→ **WHAT IS EXPECTED**
Please restate each line of the data below exactly. Omit all images.

________________________

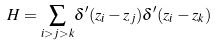<formula> <loc_0><loc_0><loc_500><loc_500>H = { \sum _ { i > j > k } } \delta ^ { \prime } ( { z _ { i } } - { z _ { j } } ) \delta ^ { \prime } ( { z _ { i } } - { z _ { k } } )</formula> 
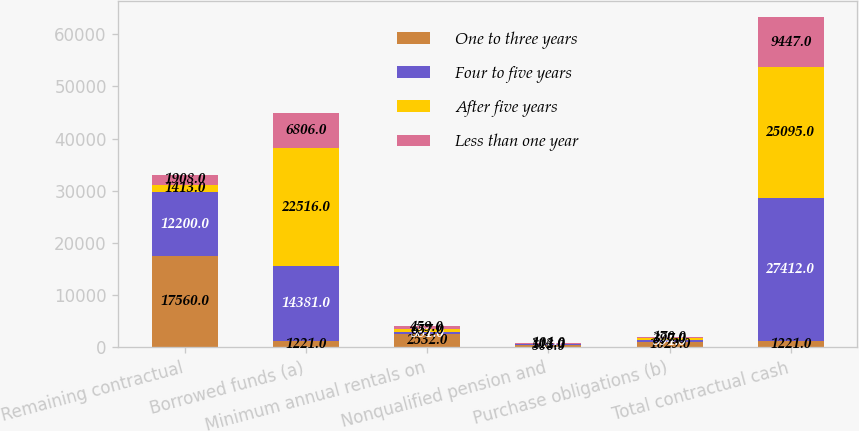Convert chart to OTSL. <chart><loc_0><loc_0><loc_500><loc_500><stacked_bar_chart><ecel><fcel>Remaining contractual<fcel>Borrowed funds (a)<fcel>Minimum annual rentals on<fcel>Nonqualified pension and<fcel>Purchase obligations (b)<fcel>Total contractual cash<nl><fcel>One to three years<fcel>17560<fcel>1221<fcel>2532<fcel>506<fcel>1029<fcel>1221<nl><fcel>Four to five years<fcel>12200<fcel>14381<fcel>381<fcel>56<fcel>394<fcel>27412<nl><fcel>After five years<fcel>1413<fcel>22516<fcel>657<fcel>112<fcel>397<fcel>25095<nl><fcel>Less than one year<fcel>1908<fcel>6806<fcel>459<fcel>104<fcel>170<fcel>9447<nl></chart> 
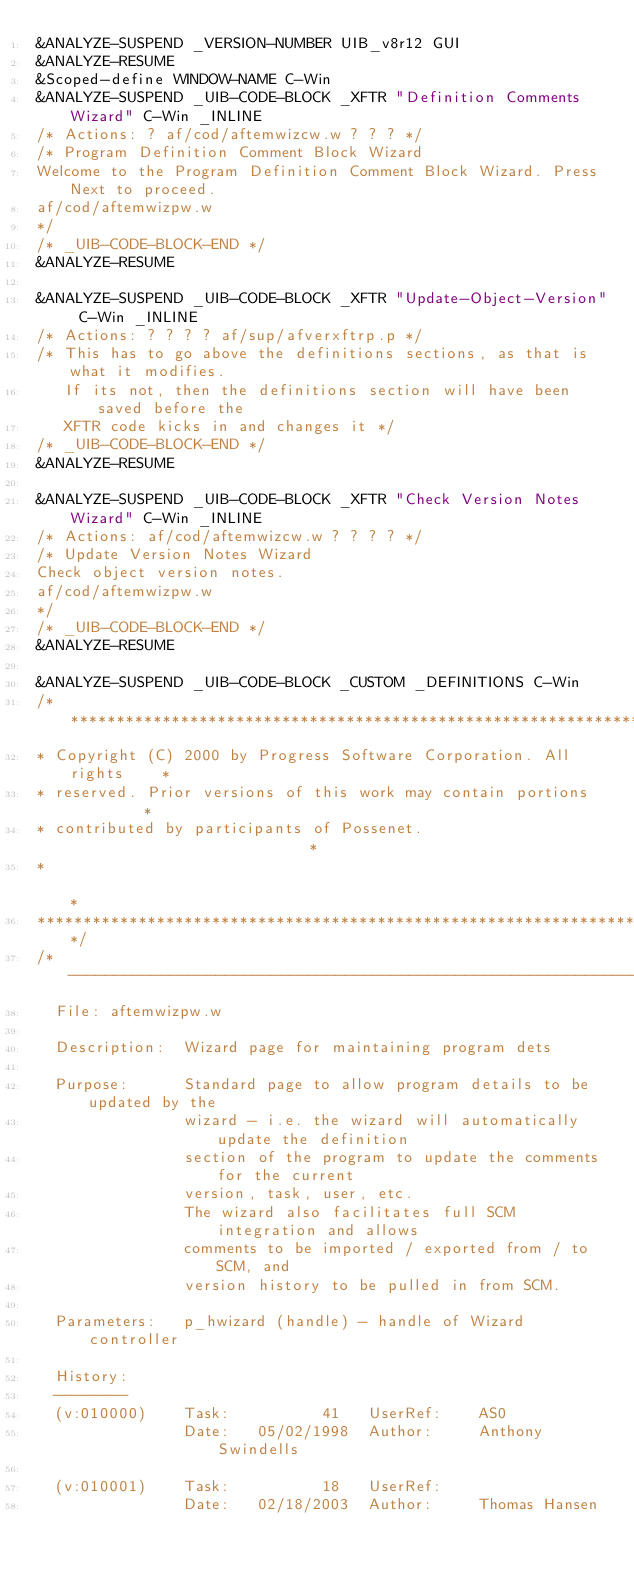<code> <loc_0><loc_0><loc_500><loc_500><_C_>&ANALYZE-SUSPEND _VERSION-NUMBER UIB_v8r12 GUI
&ANALYZE-RESUME
&Scoped-define WINDOW-NAME C-Win
&ANALYZE-SUSPEND _UIB-CODE-BLOCK _XFTR "Definition Comments Wizard" C-Win _INLINE
/* Actions: ? af/cod/aftemwizcw.w ? ? ? */
/* Program Definition Comment Block Wizard
Welcome to the Program Definition Comment Block Wizard. Press Next to proceed.
af/cod/aftemwizpw.w
*/
/* _UIB-CODE-BLOCK-END */
&ANALYZE-RESUME

&ANALYZE-SUSPEND _UIB-CODE-BLOCK _XFTR "Update-Object-Version" C-Win _INLINE
/* Actions: ? ? ? ? af/sup/afverxftrp.p */
/* This has to go above the definitions sections, as that is what it modifies.
   If its not, then the definitions section will have been saved before the
   XFTR code kicks in and changes it */
/* _UIB-CODE-BLOCK-END */
&ANALYZE-RESUME

&ANALYZE-SUSPEND _UIB-CODE-BLOCK _XFTR "Check Version Notes Wizard" C-Win _INLINE
/* Actions: af/cod/aftemwizcw.w ? ? ? ? */
/* Update Version Notes Wizard
Check object version notes.
af/cod/aftemwizpw.w
*/
/* _UIB-CODE-BLOCK-END */
&ANALYZE-RESUME

&ANALYZE-SUSPEND _UIB-CODE-BLOCK _CUSTOM _DEFINITIONS C-Win 
/*********************************************************************
* Copyright (C) 2000 by Progress Software Corporation. All rights    *
* reserved. Prior versions of this work may contain portions         *
* contributed by participants of Possenet.                           *
*                                                                    *
*********************************************************************/
/*---------------------------------------------------------------------------------
  File: aftemwizpw.w
  
  Description:  Wizard page for maintaining program dets

  Purpose:      Standard page to allow program details to be updated by the
                wizard - i.e. the wizard will automatically update the definition
                section of the program to update the comments for the current
                version, task, user, etc.
                The wizard also facilitates full SCM integration and allows
                comments to be imported / exported from / to SCM, and
                version history to be pulled in from SCM.

  Parameters:   p_hwizard (handle) - handle of Wizard controller

  History:
  --------
  (v:010000)    Task:          41   UserRef:    AS0
                Date:   05/02/1998  Author:     Anthony Swindells

  (v:010001)    Task:          18   UserRef:    
                Date:   02/18/2003  Author:     Thomas Hansen
</code>

________________________

→ **OUTPUT BELOW**
<formula> <loc_0><loc_0><loc_500><loc_500>H = { \sum _ { i > j > k } } \delta ^ { \prime } ( { z _ { i } } - { z _ { j } } ) \delta ^ { \prime } ( { z _ { i } } - { z _ { k } } )</formula> 
Convert chart to OTSL. <chart><loc_0><loc_0><loc_500><loc_500><stacked_bar_chart><ecel><fcel>Remaining contractual<fcel>Borrowed funds (a)<fcel>Minimum annual rentals on<fcel>Nonqualified pension and<fcel>Purchase obligations (b)<fcel>Total contractual cash<nl><fcel>One to three years<fcel>17560<fcel>1221<fcel>2532<fcel>506<fcel>1029<fcel>1221<nl><fcel>Four to five years<fcel>12200<fcel>14381<fcel>381<fcel>56<fcel>394<fcel>27412<nl><fcel>After five years<fcel>1413<fcel>22516<fcel>657<fcel>112<fcel>397<fcel>25095<nl><fcel>Less than one year<fcel>1908<fcel>6806<fcel>459<fcel>104<fcel>170<fcel>9447<nl></chart> 
<code> <loc_0><loc_0><loc_500><loc_500><_C_>&ANALYZE-SUSPEND _VERSION-NUMBER UIB_v8r12 GUI
&ANALYZE-RESUME
&Scoped-define WINDOW-NAME C-Win
&ANALYZE-SUSPEND _UIB-CODE-BLOCK _XFTR "Definition Comments Wizard" C-Win _INLINE
/* Actions: ? af/cod/aftemwizcw.w ? ? ? */
/* Program Definition Comment Block Wizard
Welcome to the Program Definition Comment Block Wizard. Press Next to proceed.
af/cod/aftemwizpw.w
*/
/* _UIB-CODE-BLOCK-END */
&ANALYZE-RESUME

&ANALYZE-SUSPEND _UIB-CODE-BLOCK _XFTR "Update-Object-Version" C-Win _INLINE
/* Actions: ? ? ? ? af/sup/afverxftrp.p */
/* This has to go above the definitions sections, as that is what it modifies.
   If its not, then the definitions section will have been saved before the
   XFTR code kicks in and changes it */
/* _UIB-CODE-BLOCK-END */
&ANALYZE-RESUME

&ANALYZE-SUSPEND _UIB-CODE-BLOCK _XFTR "Check Version Notes Wizard" C-Win _INLINE
/* Actions: af/cod/aftemwizcw.w ? ? ? ? */
/* Update Version Notes Wizard
Check object version notes.
af/cod/aftemwizpw.w
*/
/* _UIB-CODE-BLOCK-END */
&ANALYZE-RESUME

&ANALYZE-SUSPEND _UIB-CODE-BLOCK _CUSTOM _DEFINITIONS C-Win 
/*********************************************************************
* Copyright (C) 2000 by Progress Software Corporation. All rights    *
* reserved. Prior versions of this work may contain portions         *
* contributed by participants of Possenet.                           *
*                                                                    *
*********************************************************************/
/*---------------------------------------------------------------------------------
  File: aftemwizpw.w
  
  Description:  Wizard page for maintaining program dets

  Purpose:      Standard page to allow program details to be updated by the
                wizard - i.e. the wizard will automatically update the definition
                section of the program to update the comments for the current
                version, task, user, etc.
                The wizard also facilitates full SCM integration and allows
                comments to be imported / exported from / to SCM, and
                version history to be pulled in from SCM.

  Parameters:   p_hwizard (handle) - handle of Wizard controller

  History:
  --------
  (v:010000)    Task:          41   UserRef:    AS0
                Date:   05/02/1998  Author:     Anthony Swindells

  (v:010001)    Task:          18   UserRef:    
                Date:   02/18/2003  Author:     Thomas Hansen
</code>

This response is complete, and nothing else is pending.